WHAT YOU WILL DO —
Print, in exact form, the lines below from the one containing "#1 frog figurine [284,172,348,253]" through the one containing "What I'd like", and omit all others.

[Records drawn from a dataset]

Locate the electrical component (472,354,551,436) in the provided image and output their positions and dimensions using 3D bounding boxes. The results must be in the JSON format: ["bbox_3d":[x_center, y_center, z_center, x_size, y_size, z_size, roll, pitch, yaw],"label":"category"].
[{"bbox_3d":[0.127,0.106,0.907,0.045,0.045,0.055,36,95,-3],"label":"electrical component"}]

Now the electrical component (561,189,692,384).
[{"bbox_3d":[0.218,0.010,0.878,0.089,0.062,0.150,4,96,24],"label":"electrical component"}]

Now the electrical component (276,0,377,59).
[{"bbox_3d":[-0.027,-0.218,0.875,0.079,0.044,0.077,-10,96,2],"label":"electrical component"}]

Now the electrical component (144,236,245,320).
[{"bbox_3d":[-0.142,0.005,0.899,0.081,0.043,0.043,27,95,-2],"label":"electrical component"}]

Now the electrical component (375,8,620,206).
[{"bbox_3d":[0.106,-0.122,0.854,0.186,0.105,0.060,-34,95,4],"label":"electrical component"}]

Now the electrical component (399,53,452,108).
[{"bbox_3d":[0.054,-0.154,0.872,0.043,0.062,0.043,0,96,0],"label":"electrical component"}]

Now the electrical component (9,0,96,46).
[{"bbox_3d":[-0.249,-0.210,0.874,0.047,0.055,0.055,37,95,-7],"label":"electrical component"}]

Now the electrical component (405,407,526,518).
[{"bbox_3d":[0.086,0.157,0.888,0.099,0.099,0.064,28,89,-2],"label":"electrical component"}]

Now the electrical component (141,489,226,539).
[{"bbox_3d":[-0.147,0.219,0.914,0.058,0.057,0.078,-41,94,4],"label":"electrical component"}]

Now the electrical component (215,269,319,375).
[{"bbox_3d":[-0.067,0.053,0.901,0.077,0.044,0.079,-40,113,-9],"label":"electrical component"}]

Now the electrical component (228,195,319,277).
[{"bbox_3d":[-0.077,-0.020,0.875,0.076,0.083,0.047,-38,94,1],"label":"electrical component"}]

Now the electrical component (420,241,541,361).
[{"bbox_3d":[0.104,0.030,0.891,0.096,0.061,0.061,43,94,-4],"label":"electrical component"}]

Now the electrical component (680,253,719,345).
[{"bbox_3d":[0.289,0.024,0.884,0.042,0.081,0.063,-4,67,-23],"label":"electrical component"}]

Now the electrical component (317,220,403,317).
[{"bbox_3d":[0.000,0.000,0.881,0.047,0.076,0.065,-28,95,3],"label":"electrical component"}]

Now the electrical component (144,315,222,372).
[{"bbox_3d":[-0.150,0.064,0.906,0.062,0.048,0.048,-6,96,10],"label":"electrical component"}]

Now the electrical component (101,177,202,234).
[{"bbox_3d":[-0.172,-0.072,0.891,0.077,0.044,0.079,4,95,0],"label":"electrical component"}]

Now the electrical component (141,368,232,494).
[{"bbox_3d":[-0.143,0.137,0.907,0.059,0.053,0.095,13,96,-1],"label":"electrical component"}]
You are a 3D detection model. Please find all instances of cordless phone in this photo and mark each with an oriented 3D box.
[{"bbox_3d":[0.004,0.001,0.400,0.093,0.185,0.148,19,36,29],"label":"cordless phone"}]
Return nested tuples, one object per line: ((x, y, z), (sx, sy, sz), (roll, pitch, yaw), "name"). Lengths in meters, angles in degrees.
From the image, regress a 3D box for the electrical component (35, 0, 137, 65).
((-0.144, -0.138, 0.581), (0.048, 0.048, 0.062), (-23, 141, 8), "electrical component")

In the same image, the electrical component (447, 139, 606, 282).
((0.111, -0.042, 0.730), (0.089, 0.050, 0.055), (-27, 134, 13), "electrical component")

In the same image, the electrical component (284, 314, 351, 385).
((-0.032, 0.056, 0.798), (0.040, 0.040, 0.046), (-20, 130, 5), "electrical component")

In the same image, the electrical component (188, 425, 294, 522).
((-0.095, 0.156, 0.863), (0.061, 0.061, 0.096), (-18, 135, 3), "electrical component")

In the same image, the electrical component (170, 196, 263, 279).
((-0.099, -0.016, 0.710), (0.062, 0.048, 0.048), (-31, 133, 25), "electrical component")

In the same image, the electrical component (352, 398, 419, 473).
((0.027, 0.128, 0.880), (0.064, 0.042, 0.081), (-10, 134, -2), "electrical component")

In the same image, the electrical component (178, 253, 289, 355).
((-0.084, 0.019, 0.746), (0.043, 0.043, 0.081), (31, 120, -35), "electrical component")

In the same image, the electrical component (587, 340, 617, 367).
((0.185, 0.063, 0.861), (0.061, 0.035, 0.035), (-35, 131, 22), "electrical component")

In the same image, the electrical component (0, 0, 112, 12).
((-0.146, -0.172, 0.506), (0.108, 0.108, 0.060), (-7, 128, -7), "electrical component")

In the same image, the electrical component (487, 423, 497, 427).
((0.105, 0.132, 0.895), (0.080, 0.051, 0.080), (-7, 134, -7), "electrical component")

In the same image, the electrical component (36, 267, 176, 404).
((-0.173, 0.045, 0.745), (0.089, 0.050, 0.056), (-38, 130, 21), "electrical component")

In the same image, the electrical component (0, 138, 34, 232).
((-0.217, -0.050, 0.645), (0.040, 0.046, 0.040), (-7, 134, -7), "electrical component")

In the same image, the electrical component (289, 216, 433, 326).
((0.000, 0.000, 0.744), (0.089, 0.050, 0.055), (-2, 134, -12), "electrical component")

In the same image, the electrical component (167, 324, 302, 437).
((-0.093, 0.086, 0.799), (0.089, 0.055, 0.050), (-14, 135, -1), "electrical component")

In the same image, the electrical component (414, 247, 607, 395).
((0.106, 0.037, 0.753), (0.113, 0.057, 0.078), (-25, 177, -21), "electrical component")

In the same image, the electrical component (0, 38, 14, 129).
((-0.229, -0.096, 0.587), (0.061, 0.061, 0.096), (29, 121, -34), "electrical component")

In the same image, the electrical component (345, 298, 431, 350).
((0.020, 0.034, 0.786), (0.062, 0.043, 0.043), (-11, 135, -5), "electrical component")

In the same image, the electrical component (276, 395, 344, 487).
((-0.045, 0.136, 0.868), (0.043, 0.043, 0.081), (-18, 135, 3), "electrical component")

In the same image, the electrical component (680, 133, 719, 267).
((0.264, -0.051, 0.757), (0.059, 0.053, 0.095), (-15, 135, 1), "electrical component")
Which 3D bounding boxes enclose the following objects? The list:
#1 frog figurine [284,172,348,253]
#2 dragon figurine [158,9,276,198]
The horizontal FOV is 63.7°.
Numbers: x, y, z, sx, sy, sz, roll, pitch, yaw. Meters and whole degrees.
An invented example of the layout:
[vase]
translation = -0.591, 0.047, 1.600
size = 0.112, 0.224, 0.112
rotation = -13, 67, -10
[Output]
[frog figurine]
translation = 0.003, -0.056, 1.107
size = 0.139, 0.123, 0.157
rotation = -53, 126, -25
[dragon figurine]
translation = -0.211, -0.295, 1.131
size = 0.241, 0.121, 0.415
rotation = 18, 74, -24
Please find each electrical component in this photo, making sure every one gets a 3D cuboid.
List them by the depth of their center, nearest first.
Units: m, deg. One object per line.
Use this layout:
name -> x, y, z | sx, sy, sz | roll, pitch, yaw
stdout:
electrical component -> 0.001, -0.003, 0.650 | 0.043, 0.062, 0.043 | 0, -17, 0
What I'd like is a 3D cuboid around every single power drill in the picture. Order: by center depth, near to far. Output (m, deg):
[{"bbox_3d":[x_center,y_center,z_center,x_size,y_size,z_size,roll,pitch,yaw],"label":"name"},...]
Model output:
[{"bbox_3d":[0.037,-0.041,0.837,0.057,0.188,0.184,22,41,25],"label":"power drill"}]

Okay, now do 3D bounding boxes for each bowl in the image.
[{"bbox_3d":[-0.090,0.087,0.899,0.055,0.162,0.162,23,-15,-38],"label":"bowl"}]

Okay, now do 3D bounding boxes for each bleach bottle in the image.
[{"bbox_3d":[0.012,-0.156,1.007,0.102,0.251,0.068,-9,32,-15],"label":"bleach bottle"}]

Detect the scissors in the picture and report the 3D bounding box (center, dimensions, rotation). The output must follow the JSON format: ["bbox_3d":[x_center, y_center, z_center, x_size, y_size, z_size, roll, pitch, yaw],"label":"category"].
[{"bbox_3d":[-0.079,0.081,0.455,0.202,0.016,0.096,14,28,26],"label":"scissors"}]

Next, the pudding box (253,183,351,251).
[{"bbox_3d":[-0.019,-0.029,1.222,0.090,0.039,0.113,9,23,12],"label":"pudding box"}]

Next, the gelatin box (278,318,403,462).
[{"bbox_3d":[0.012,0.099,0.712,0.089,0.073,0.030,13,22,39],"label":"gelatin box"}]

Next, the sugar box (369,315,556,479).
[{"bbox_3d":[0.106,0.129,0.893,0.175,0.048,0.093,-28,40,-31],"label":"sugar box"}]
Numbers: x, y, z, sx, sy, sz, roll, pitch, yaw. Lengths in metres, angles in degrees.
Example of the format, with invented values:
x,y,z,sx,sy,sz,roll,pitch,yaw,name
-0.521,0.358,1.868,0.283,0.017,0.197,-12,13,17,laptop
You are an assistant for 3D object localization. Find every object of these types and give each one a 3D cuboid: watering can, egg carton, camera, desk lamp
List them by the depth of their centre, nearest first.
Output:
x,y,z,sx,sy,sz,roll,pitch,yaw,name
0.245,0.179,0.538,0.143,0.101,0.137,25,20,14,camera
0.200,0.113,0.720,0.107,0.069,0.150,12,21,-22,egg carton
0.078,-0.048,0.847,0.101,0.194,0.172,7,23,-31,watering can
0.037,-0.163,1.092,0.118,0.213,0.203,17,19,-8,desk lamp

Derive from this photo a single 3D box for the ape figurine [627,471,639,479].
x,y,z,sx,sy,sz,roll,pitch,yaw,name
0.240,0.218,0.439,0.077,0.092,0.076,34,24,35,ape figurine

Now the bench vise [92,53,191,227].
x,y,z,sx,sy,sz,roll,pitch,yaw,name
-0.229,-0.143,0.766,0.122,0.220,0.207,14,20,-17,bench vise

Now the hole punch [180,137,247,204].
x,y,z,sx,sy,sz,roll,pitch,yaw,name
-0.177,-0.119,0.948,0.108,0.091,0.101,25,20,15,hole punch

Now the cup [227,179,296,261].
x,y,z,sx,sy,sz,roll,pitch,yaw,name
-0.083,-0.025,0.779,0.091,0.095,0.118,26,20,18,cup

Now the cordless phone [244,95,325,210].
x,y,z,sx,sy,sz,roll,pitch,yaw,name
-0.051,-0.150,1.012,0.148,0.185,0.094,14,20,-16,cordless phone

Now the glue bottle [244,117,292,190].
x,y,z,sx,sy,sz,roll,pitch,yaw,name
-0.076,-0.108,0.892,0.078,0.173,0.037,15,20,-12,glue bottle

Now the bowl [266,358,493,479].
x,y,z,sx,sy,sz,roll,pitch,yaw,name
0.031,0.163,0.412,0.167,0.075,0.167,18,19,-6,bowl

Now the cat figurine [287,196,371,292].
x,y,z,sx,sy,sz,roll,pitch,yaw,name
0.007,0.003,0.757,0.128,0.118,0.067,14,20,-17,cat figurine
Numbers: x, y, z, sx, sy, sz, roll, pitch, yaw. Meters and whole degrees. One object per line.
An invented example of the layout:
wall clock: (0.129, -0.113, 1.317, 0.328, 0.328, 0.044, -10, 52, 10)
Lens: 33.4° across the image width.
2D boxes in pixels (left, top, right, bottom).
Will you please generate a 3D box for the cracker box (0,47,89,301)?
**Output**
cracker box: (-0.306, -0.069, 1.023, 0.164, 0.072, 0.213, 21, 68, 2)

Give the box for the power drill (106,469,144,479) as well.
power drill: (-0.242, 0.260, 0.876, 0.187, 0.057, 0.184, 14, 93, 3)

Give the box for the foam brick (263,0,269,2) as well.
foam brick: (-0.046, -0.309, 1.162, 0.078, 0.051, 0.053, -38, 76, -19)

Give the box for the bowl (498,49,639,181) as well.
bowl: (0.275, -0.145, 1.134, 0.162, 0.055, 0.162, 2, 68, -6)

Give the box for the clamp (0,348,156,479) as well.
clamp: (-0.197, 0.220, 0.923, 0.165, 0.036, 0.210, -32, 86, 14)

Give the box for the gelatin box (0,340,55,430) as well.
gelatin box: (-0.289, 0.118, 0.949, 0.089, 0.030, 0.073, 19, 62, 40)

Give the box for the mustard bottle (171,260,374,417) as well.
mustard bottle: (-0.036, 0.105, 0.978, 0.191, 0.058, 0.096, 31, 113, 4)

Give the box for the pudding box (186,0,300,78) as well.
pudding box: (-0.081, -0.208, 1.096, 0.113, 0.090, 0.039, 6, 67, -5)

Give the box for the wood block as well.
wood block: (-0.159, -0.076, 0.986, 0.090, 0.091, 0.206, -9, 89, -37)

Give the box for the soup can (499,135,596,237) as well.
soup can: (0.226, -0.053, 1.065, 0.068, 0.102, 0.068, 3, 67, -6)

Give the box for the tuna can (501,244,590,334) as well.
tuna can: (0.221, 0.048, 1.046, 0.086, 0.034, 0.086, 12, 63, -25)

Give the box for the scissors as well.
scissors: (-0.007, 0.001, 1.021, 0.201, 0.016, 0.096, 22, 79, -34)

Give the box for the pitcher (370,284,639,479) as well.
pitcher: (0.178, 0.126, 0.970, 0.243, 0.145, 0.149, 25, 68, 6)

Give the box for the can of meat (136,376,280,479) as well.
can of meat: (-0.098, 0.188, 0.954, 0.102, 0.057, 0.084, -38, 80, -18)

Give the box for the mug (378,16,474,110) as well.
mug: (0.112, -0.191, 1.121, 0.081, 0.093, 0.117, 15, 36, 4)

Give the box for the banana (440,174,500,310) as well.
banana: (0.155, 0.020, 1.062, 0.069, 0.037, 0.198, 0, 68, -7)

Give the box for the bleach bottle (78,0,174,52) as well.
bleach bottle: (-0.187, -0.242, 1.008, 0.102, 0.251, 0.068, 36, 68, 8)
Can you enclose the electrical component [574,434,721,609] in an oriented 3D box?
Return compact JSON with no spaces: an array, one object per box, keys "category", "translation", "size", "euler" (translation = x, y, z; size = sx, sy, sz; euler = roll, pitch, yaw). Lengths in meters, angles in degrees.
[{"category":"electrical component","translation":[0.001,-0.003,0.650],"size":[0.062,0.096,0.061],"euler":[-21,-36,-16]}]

TASK OUTPUT —
#1 frog figurine [284,172,348,253]
#2 dragon figurine [158,9,276,198]
The horizontal FOV is 63.7°.
Numbers: x, y, z, sx, sy, sz, roll, pitch, yaw. Meters and whole degrees.
An invented example of the layout:
[vase]
translation = -0.591, 0.047, 1.600
size = 0.112, 0.224, 0.112
rotation = -13, 67, -10
[Output]
[frog figurine]
translation = 0.003, -0.056, 1.107
size = 0.139, 0.123, 0.157
rotation = -53, 126, -25
[dragon figurine]
translation = -0.211, -0.295, 1.131
size = 0.241, 0.121, 0.415
rotation = 18, 74, -24
Please find each electrical component in this photo, making sure every one gets a 3D cuboid.
List them by the depth of their center, nearest first.
Units: m, deg. One object per line.
Use this layout:
name -> x, y, z | sx, sy, sz | roll, pitch, yaw
stdout:
electrical component -> 0.001, -0.003, 0.650 | 0.043, 0.062, 0.043 | 0, -17, 0
What I'd like is a 3D cuboid around every single power drill in the picture. Order: by center depth, near to far. Output (m, deg):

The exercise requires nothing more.